VERONICA FERRES: Uschi Reich hat mir von dem Projekt erzählt und Vivian Naefe hat mir gesagt, wie sie meine Figur sieht - eine allein erziehende Taxifahrerin, die ihr Privatleben nicht auf die Reihe kriegt. Sybille ist ziemlich chaotisch und in ihrem Leben zwischen Beruf, dem Dasein als Mutter und als Vaterersatz ständig überfordert. Das hat für mich eine große Aktualität und ein Identifikationspotenzial, was mich sehr gereizt hat.
Zeigte den Mädchen beim Dreh, wo es langgeht: die Regisseurin Vivian Naefe (Foto: Constantin)
» Hatten Sie als Kind auch eine Clique wie die wilden Hühner?
FERRES: So eine Bande hatte ich nicht - dafür aber zwei ältere Brüder. Bei deren Jungsbande wollte ich immer dazugehören und lief jahrelang mit Latzhose und Schiebermütze herum. Das war für meine Geschwister natürlich uncool - die kleine Schwester, die ihnen immer nachrennt. Wenn ich mal bei meinen Brüdern dabei sein durfte, musste ich Mutproben bestehen, wie zum Beispiel von einer hohen Ziegelmauer springen, Wache schieben oder etwas aus der Küche stibitzen.

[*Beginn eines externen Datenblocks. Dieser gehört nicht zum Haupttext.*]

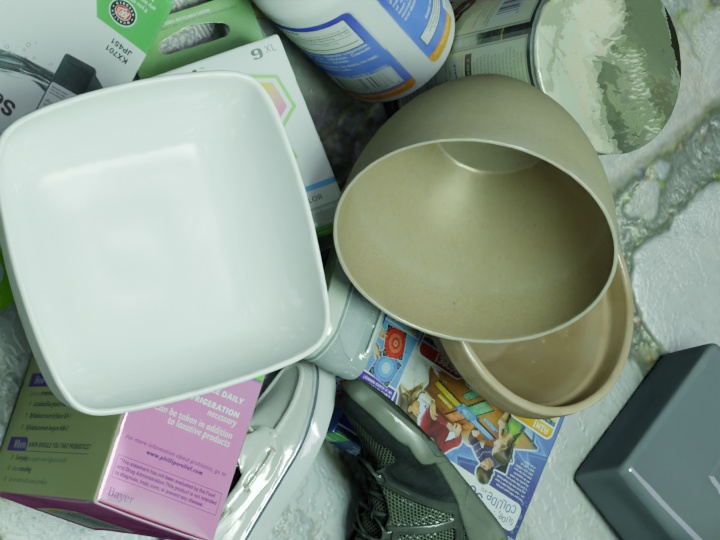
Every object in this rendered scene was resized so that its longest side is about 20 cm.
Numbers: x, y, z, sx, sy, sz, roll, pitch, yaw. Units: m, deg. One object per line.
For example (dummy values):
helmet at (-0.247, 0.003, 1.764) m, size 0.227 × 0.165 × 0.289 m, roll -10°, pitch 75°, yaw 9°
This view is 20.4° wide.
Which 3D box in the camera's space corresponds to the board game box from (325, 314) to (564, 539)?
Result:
board game box at (0.070, 0.118, 1.624) m, size 0.200 × 0.034 × 0.135 m, roll 35°, pitch 69°, yaw -26°

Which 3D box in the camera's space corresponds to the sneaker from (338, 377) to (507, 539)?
sneaker at (0.022, 0.176, 1.538) m, size 0.114 × 0.076 × 0.199 m, roll -38°, pitch 124°, yaw -5°

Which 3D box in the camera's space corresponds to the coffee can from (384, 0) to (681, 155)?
coffee can at (0.133, -0.154, 1.584) m, size 0.146 × 0.200 × 0.146 m, roll 2°, pitch 87°, yaw -34°

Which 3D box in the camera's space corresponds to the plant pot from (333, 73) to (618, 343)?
plant pot at (0.089, -0.063, 1.438) m, size 0.200 × 0.200 × 0.135 m, roll 40°, pitch 39°, yaw -25°

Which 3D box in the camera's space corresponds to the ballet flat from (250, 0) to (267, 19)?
ballet flat at (-0.118, -0.263, 1.504) m, size 0.200 × 0.071 × 0.071 m, roll 42°, pitch 66°, yaw -25°

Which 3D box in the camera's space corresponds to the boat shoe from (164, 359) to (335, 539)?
boat shoe at (-0.088, 0.145, 1.501) m, size 0.066 × 0.072 × 0.200 m, roll 37°, pitch 76°, yaw -31°

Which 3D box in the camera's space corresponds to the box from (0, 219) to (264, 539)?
box at (-0.154, 0.079, 1.393) m, size 0.097 × 0.176 × 0.200 m, roll 24°, pitch 74°, yaw -30°

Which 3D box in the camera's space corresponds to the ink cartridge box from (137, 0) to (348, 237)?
ink cartridge box at (-0.094, -0.109, 1.470) m, size 0.104 × 0.059 × 0.200 m, roll -20°, pitch 84°, yaw -10°

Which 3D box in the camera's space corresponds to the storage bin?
storage bin at (0.291, 0.164, 1.718) m, size 0.134 × 0.146 × 0.200 m, roll 45°, pitch 64°, yaw -12°

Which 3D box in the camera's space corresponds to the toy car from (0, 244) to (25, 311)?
toy car at (-0.340, 0.026, 1.294) m, size 0.158 × 0.164 × 0.200 m, roll 41°, pitch 79°, yaw -25°

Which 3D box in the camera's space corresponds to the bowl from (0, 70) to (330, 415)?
bowl at (-0.135, -0.017, 1.270) m, size 0.200 × 0.075 × 0.200 m, roll -15°, pitch 91°, yaw -26°

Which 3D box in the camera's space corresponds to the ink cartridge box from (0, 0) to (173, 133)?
ink cartridge box at (-0.245, -0.142, 1.401) m, size 0.147 × 0.083 × 0.200 m, roll 35°, pitch 70°, yaw -27°

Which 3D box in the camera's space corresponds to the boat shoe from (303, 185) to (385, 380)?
boat shoe at (0.000, 0.000, 1.546) m, size 0.072 × 0.070 × 0.201 m, roll 39°, pitch 49°, yaw -23°

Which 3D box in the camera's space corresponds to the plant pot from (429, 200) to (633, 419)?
plant pot at (0.116, 0.025, 1.590) m, size 0.201 × 0.093 × 0.201 m, roll 12°, pitch 70°, yaw -35°

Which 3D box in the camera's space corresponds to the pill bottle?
pill bottle at (-0.018, -0.217, 1.499) m, size 0.200 × 0.112 × 0.112 m, roll 40°, pitch 64°, yaw -53°

REICH: Ich war auf einer Jungenschule mit nur drei Mädchen; ich hatte also keine solche Clique. Was ich bei den wilden Hühner so toll finde, ist, dass sie den Alltag miteinander leben - das hätte ich auch sehr bereichernd gefunden.
NAEFE: Ja, ich hatte eine Clique, wir waren aber nicht so cool. Das Tollste für uns war, Hütten im Wald zu bauen und zu Hause Lebensmittel zu klauen, um in unserem Wald-Zuhause etwas zu essen zu haben. Den Jungs Streiche zu spielen - davon haben wir immer nur geträumt.